Apart from the responsibilities and liabilities, if any, which may be imposed on Credit Suisse by
the Financial Services and Markets Act 2000 or the regulatory regime established thereunder, none of Credit Suisse or any of its
affiliates, directors, officers, employees, advisers or agents accepts any responsibility whatsoever for, or makes any
representation or warranty, express or implied, as to the contents of this announcement or for any other statement made or
purported to be made by it, or on its behalf, in connection with the Placing. Such persons accordingly disclaim all and any
responsibility or liability, whether arising in tort, contract or otherwise (save as referred to above), which they might
otherwise have in respect of this announcement or any such statement.
Credit Suisse Securities (Europe) Limited, which is authorised by the Prudential Regulation
Authority and regulated by the Financial Conduct Authority and the Prudential Regulation Authority in the United Kingdom, is
acting only for New Argen Holdings Limited in connection with the Placing and will not be responsible to anyone other than New
Argen Holdings Limited for providing the protections offered to the clients of Credit Suisse or for providing advice in relation
to the Placing or any matters referred to in this announcement.
Credit Suisse Securities (Europe) Limited and any of its affiliates acting as an investor for its
own account may participate in the offering on a proprietary basis and in that capacity may retain, purchase or sell for their
own account certain securities referred to herein. In addition they may enter into financing arrangements and swaps with
investors in connection with which they may from time to time acquire, hold or dispose of certain securities referred to herein.
Credit Suisse Securities (Europe) Limited, does not intend to disclose the extent of any such investment or transactions
otherwise than in accordance with any legal or regulatory obligation to do so.
This document includes statements that are, or may be deemed to be, forward-looking statements.

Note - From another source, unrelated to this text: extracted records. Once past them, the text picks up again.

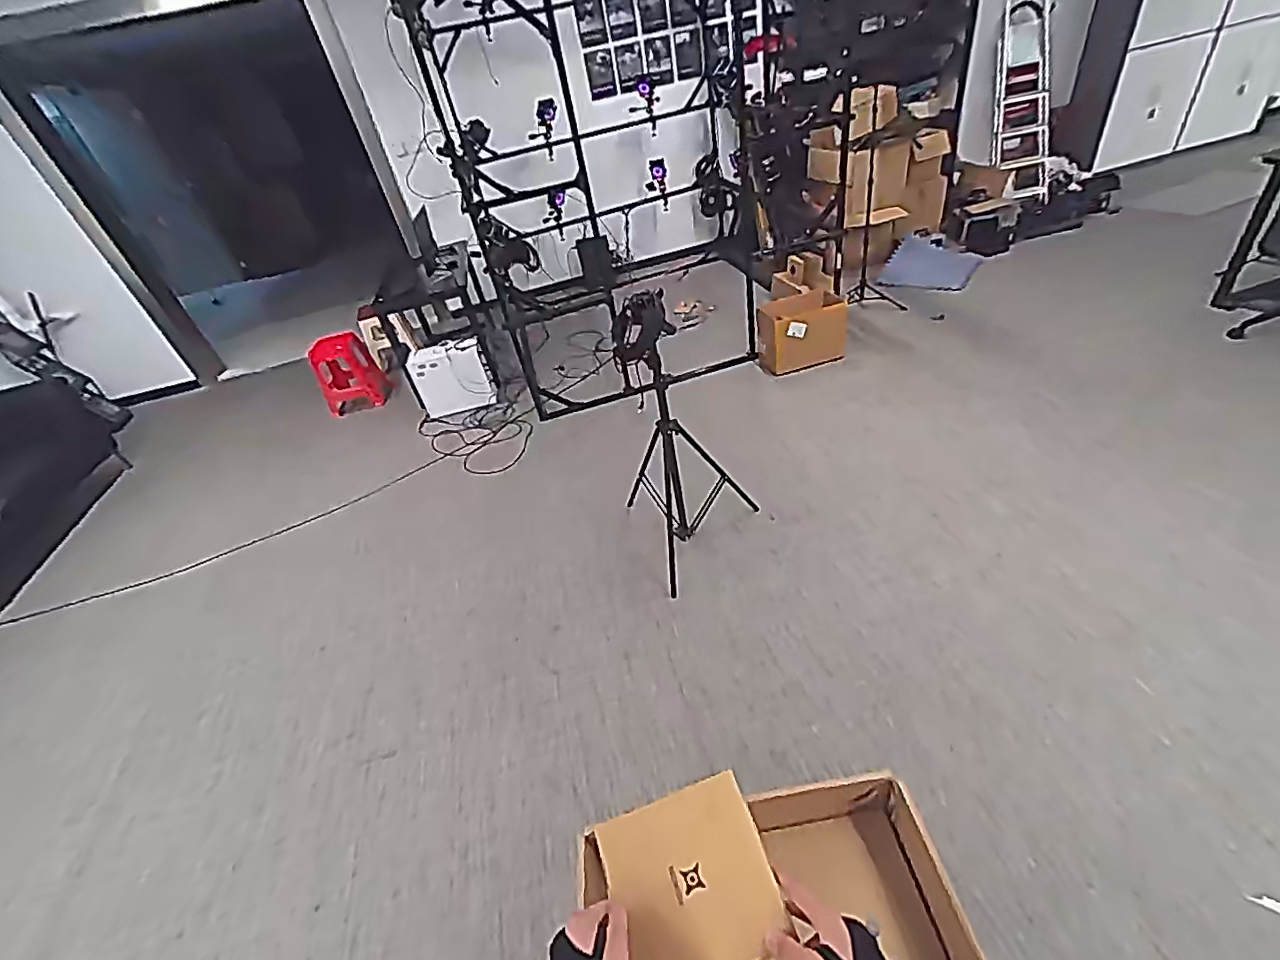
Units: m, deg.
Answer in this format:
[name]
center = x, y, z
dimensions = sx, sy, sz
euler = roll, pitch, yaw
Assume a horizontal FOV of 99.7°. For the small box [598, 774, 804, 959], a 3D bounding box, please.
[small box]
center = 0.073, 0.475, 0.631
dimensions = 0.179, 0.176, 0.168
euler = -24, 49, -1
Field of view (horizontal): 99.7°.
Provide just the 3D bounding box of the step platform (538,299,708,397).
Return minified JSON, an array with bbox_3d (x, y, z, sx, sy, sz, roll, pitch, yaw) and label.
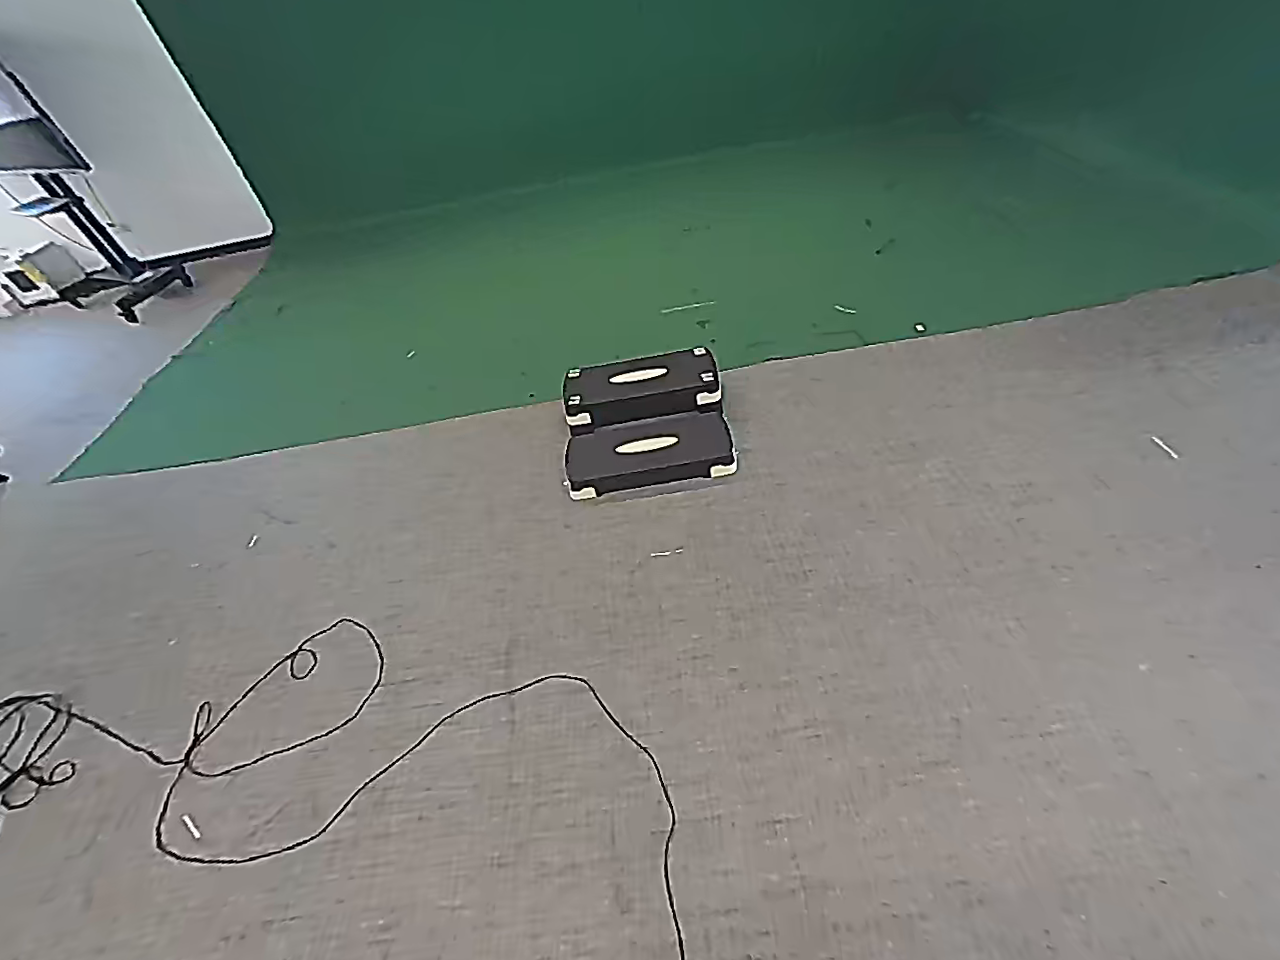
[{"bbox_3d":[-0.066,-0.545,2.241,0.684,0.204,0.286,-10,46,3],"label":"step platform"}]
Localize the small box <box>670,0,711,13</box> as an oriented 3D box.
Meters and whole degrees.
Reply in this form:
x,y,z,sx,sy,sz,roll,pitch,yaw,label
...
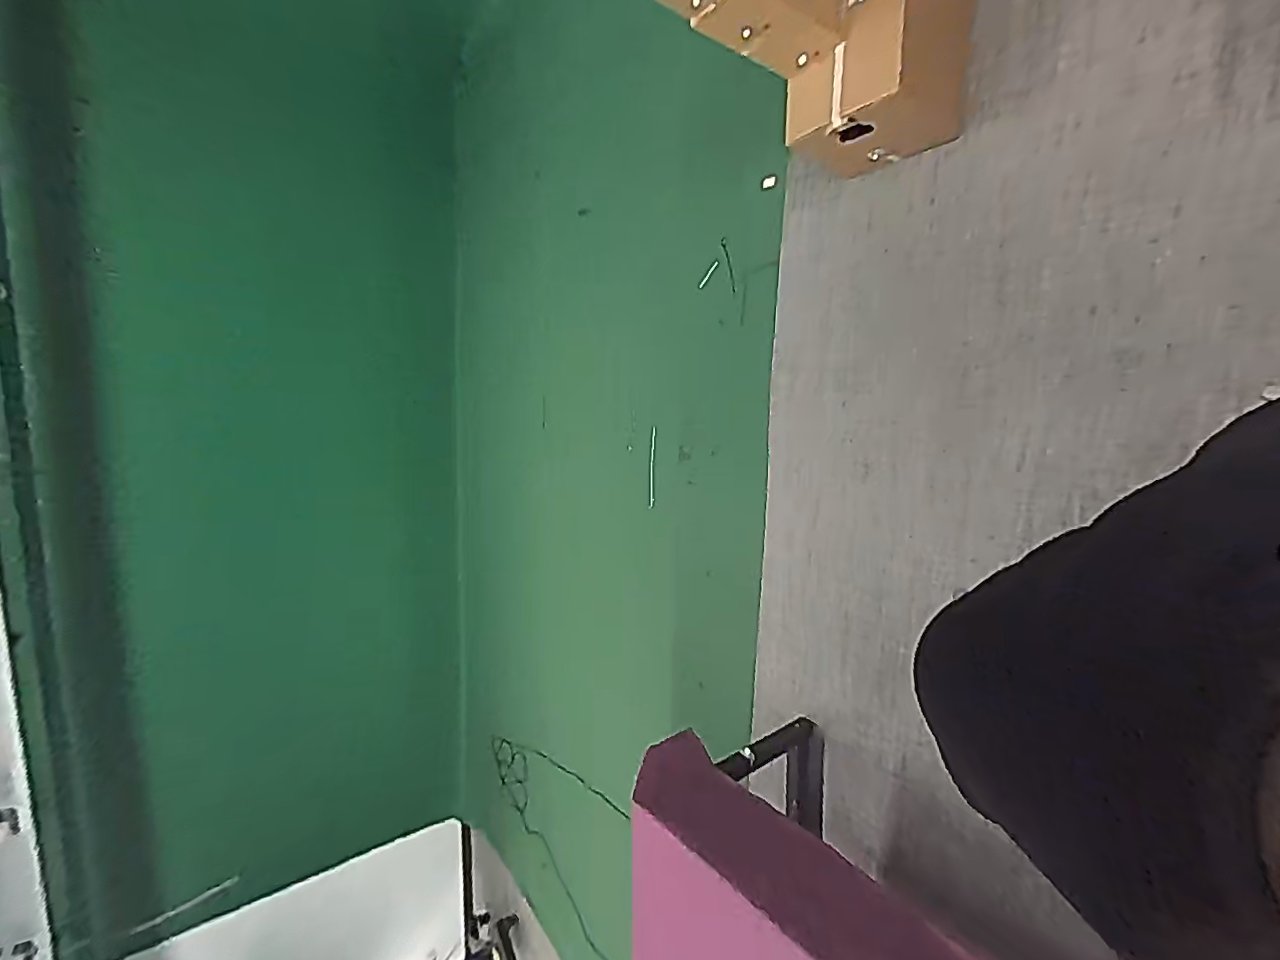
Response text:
x,y,z,sx,sy,sz,roll,pitch,yaw,label
0.100,-1.121,1.105,0.168,0.176,0.179,14,106,55,small box

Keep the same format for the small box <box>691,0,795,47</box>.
x,y,z,sx,sy,sz,roll,pitch,yaw,label
0.231,-1.125,1.202,0.168,0.176,0.179,10,103,55,small box

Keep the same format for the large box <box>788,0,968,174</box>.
x,y,z,sx,sy,sz,roll,pitch,yaw,label
0.607,-1.085,1.386,0.320,0.320,0.408,10,100,52,large box
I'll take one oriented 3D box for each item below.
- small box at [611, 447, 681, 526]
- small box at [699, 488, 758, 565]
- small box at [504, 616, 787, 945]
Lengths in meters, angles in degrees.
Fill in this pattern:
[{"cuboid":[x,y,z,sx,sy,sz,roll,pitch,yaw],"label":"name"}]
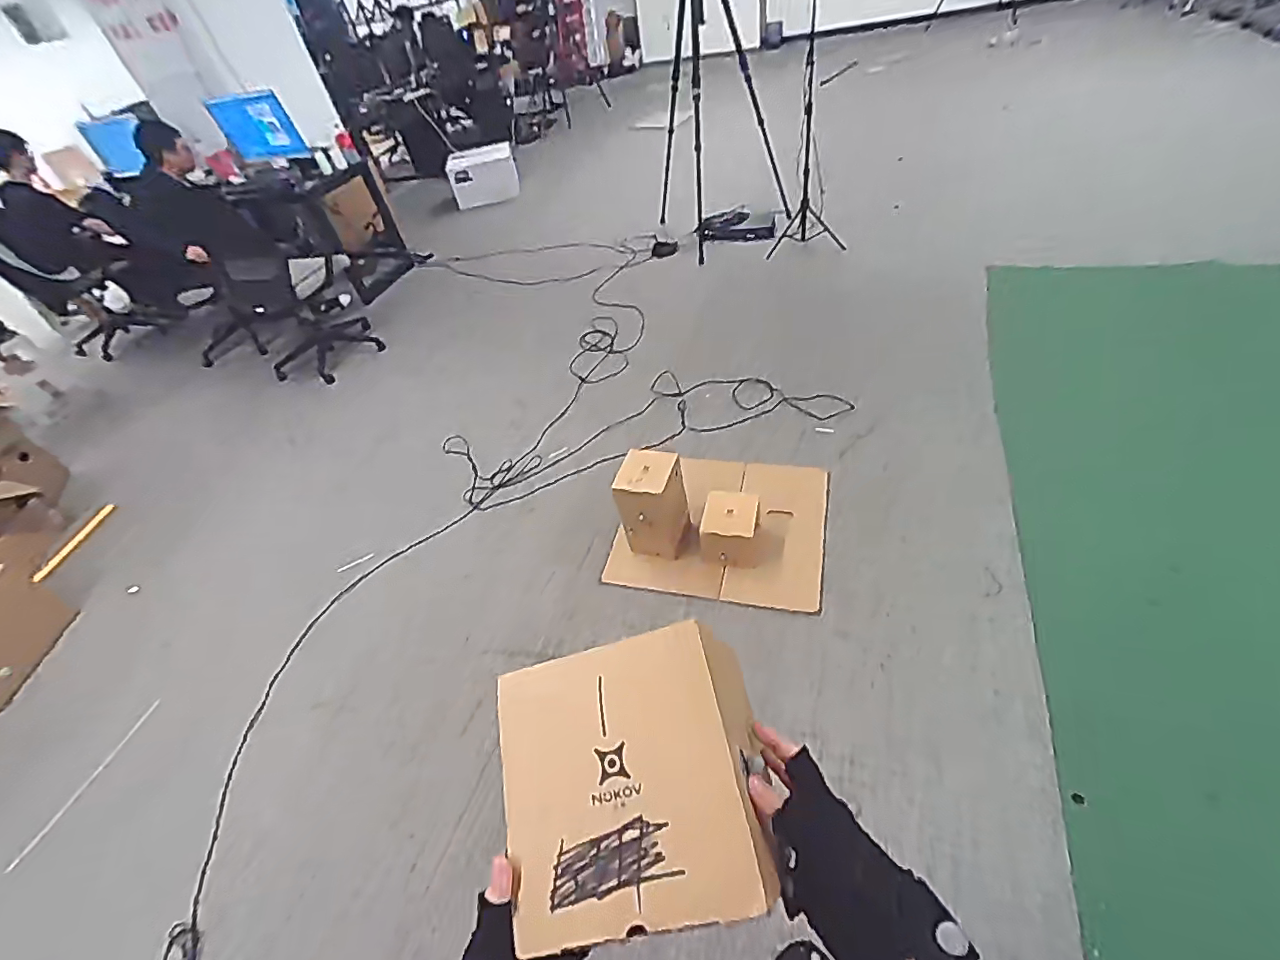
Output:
[{"cuboid":[0.027,0.019,1.703,0.168,0.176,0.179,7,49,21],"label":"small box"},{"cuboid":[0.290,0.149,1.751,0.168,0.176,0.179,4,49,16],"label":"small box"},{"cuboid":[0.011,0.228,0.436,0.168,0.176,0.179,-19,61,11],"label":"small box"}]
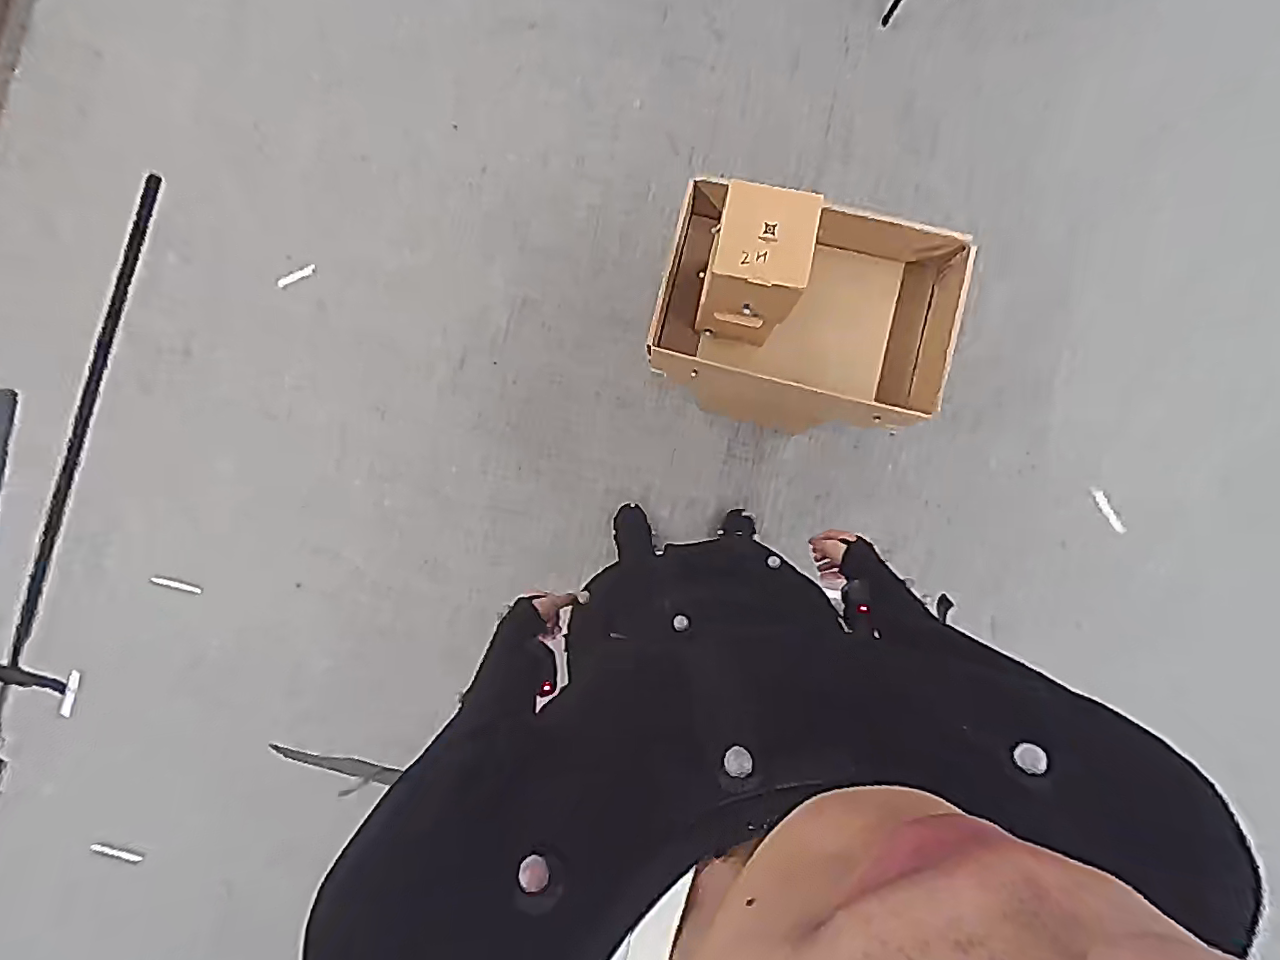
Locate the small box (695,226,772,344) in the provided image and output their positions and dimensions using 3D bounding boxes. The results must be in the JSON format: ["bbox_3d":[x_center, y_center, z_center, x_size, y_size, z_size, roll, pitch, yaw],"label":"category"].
[{"bbox_3d":[0.217,-0.414,1.177,0.168,0.176,0.179,13,86,2],"label":"small box"}]

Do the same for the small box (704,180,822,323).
[{"bbox_3d":[0.220,-0.418,1.012,0.168,0.176,0.179,12,87,2],"label":"small box"}]
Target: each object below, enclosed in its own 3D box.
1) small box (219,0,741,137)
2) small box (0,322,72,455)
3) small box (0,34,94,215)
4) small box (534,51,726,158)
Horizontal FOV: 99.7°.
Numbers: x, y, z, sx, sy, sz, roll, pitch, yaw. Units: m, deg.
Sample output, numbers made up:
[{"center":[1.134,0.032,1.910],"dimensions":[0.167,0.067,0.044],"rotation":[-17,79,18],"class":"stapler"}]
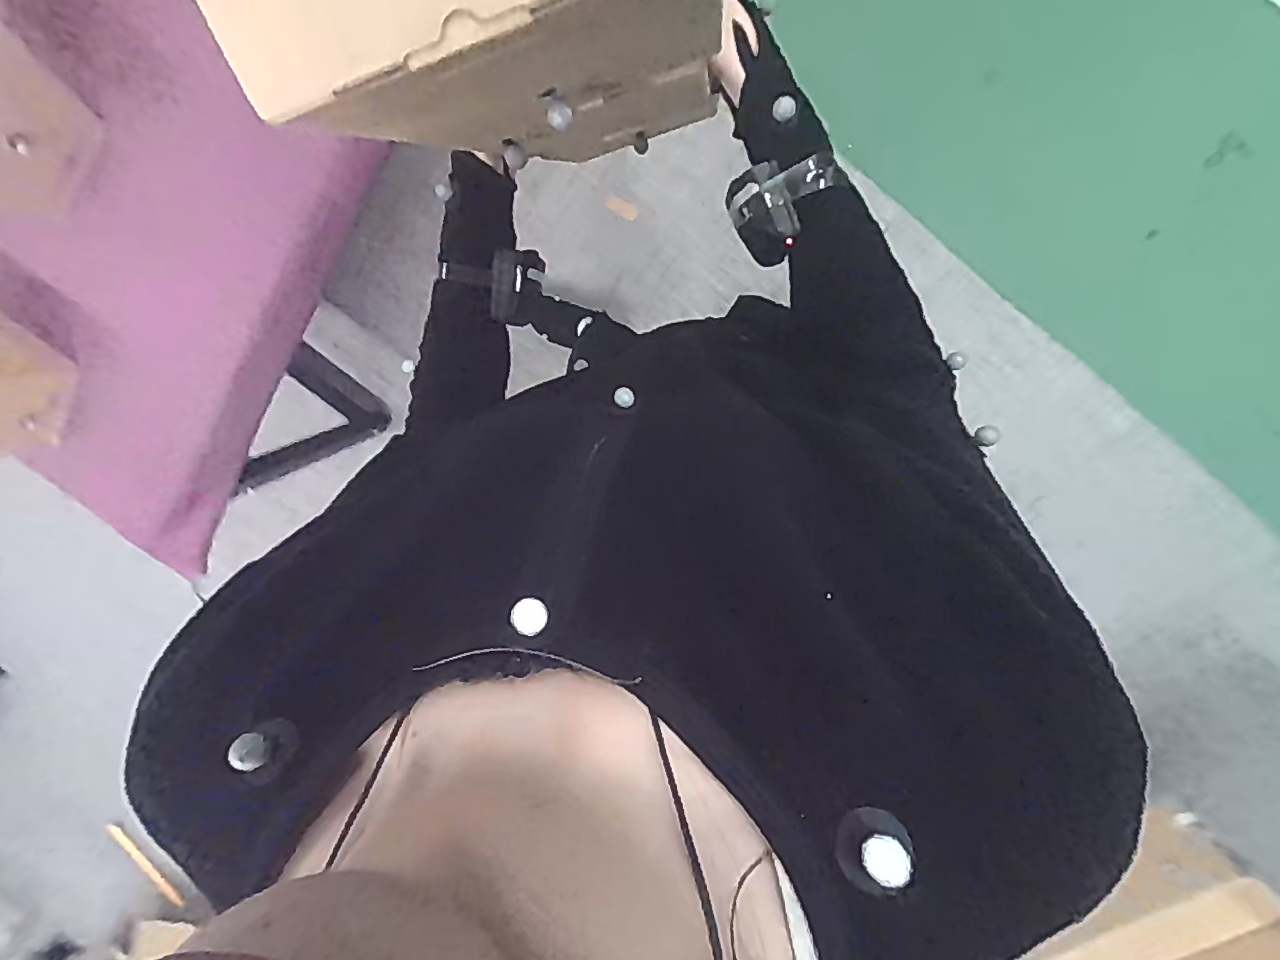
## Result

These forward-looking statements may be identified by the use of forward-looking terminology, including the terms "intends",
"expects", "will", or "may", or, in each case, their negative or other variations or comparable terminology, or by discussions of
strategy, plans, objectives, goals, future events or intentions. These forward-looking statements include all matters that are
not historical facts. Any forward-looking statements are subject to risks relating to future events and assumptions relating to
CCH's business, in particular from changes in political conditions, economic conditions, evolving business strategy, or the
retail industry. No assurances can be given that the forward-looking statements in this document will be realised. As a result,
no undue reliance should be placed on these forward-looking statements as a prediction of actual results or otherwise.